> Records for this exercise
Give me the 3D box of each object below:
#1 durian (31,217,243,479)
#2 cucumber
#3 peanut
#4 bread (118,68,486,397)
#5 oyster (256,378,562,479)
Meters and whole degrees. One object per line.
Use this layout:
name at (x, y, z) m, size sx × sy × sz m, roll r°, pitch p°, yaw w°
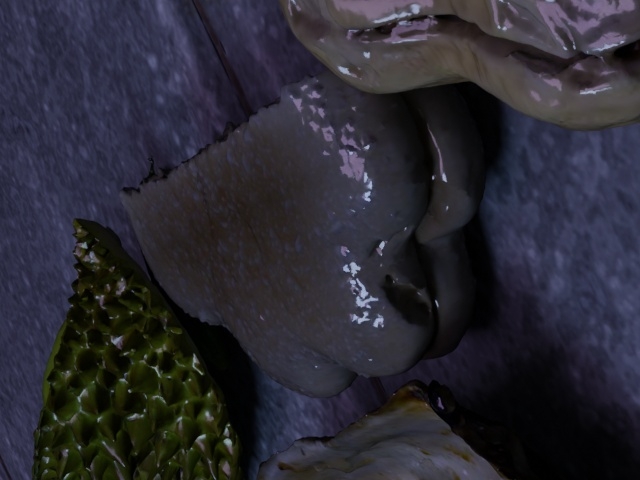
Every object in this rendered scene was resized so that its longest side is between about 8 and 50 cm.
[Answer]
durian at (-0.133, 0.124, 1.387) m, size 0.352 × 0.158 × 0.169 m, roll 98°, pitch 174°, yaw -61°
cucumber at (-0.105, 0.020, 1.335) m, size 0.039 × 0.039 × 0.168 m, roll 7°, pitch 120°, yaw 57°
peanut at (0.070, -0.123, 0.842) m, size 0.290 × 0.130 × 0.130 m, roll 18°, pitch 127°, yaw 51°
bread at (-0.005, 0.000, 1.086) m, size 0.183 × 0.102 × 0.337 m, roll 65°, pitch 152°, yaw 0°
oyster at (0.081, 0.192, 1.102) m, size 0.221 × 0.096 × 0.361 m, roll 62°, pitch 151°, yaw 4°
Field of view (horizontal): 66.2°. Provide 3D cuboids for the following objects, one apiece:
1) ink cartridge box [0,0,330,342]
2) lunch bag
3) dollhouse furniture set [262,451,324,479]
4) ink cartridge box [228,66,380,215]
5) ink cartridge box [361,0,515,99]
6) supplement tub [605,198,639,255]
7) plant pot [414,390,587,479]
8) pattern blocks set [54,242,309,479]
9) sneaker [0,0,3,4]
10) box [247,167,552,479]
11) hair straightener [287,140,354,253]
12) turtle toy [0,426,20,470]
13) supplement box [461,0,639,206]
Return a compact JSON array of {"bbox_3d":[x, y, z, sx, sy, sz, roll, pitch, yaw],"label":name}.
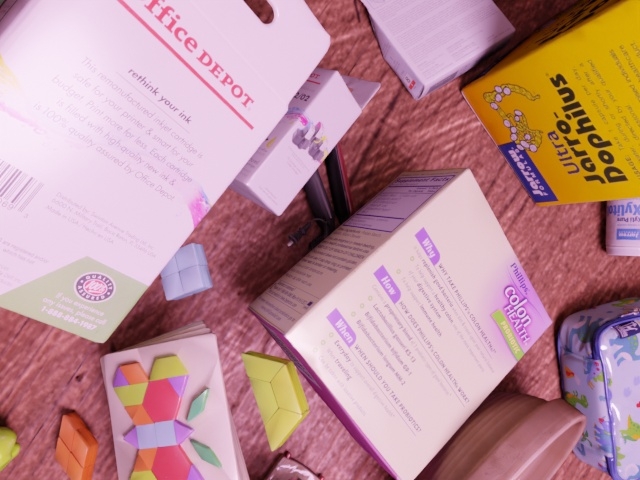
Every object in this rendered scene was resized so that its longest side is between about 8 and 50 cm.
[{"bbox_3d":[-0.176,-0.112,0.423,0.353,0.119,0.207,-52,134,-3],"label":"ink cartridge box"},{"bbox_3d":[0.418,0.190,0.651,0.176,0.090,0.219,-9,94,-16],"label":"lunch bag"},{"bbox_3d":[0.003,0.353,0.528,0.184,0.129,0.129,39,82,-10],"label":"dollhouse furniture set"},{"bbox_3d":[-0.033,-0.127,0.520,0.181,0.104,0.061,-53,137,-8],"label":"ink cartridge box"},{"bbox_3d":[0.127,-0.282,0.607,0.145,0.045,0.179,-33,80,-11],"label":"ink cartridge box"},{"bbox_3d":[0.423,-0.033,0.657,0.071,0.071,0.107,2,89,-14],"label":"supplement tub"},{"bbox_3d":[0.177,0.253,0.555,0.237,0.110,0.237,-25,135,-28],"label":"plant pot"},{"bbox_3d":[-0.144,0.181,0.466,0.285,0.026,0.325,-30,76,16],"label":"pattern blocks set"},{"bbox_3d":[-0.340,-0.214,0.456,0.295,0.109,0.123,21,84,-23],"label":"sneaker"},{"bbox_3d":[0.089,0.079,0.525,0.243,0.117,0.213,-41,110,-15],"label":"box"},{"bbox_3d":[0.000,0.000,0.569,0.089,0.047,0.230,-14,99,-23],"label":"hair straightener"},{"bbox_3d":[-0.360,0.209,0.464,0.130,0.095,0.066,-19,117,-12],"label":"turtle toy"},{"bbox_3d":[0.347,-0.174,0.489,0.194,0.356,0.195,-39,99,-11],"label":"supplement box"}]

==

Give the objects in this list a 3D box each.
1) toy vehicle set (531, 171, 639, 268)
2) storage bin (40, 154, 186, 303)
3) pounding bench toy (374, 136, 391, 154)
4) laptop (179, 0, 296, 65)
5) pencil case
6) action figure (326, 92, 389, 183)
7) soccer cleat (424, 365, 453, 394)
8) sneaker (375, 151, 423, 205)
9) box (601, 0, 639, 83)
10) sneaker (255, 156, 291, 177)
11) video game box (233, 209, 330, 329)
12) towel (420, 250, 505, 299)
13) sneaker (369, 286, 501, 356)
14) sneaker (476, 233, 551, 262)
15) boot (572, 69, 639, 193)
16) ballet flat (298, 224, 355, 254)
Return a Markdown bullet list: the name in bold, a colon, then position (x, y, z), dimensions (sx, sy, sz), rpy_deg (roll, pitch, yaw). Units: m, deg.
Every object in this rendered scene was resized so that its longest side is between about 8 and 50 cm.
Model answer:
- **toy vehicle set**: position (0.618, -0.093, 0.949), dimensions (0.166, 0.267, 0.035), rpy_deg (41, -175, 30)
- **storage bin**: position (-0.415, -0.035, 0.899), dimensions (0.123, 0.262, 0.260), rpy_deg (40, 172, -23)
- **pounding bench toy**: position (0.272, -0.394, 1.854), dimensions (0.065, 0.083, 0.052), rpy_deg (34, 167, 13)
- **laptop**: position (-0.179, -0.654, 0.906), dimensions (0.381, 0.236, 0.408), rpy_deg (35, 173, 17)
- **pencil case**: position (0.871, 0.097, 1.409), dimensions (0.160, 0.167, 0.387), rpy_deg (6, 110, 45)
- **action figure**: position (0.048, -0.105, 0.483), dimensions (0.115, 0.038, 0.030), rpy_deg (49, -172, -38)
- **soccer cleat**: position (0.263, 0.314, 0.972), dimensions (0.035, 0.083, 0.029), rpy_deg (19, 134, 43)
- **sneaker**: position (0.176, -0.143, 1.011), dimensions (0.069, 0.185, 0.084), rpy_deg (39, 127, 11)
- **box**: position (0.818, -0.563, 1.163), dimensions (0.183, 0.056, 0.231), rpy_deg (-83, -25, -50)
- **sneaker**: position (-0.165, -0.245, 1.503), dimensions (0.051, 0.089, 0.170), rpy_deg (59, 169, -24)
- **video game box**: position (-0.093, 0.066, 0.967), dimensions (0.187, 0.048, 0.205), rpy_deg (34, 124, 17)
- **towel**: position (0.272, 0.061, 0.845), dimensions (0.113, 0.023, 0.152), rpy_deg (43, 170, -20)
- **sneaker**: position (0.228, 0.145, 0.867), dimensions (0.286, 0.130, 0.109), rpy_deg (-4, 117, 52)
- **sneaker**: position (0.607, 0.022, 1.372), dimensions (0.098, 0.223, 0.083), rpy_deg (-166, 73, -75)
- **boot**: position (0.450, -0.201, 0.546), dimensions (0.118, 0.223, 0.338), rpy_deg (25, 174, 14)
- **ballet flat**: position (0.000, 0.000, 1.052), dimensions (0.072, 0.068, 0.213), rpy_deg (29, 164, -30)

...

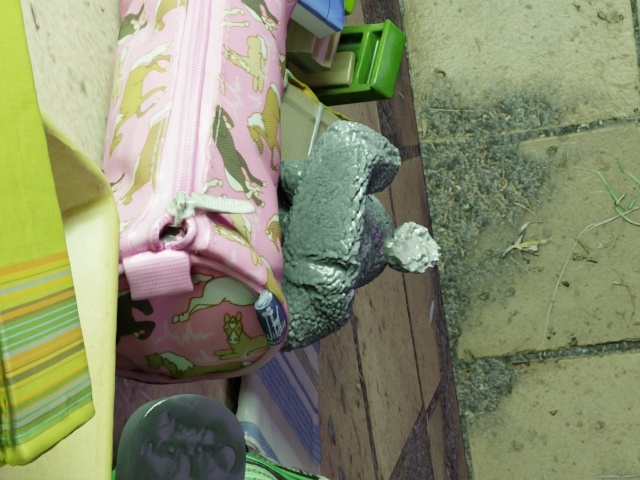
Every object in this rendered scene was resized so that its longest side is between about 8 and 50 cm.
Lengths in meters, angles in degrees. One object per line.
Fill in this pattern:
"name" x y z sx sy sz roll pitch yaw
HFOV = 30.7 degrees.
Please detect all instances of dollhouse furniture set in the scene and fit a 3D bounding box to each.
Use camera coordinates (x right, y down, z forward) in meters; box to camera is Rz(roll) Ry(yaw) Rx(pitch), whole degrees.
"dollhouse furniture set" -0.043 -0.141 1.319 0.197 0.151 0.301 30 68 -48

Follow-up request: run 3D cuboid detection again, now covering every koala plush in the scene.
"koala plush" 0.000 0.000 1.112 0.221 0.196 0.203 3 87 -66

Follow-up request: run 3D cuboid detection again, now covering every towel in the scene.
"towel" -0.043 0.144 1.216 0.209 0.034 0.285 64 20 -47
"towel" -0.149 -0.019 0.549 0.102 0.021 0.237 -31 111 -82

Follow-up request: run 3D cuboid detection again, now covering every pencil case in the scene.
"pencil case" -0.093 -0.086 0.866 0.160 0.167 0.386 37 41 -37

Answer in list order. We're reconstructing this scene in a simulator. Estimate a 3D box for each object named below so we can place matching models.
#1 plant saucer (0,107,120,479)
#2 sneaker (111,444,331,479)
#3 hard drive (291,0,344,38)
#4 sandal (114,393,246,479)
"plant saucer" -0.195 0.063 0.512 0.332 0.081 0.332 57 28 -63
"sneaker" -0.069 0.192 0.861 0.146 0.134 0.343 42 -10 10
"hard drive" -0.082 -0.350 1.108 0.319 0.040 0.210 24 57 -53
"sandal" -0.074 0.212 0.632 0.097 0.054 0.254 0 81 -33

> Exercise brief
Using the entries above, give again exactly the lines from the line holding "11) hair straightener [287,140,354,253]" through the line holding "Return a compact". Include both end lines and nothing else.

> Output for this exercise
11) hair straightener [287,140,354,253]
12) turtle toy [0,426,20,470]
13) supplement box [461,0,639,206]
Return a compact JSON array of {"bbox_3d":[x, y, z, sx, sy, sz, roll, pitch, yaw],"label":name}.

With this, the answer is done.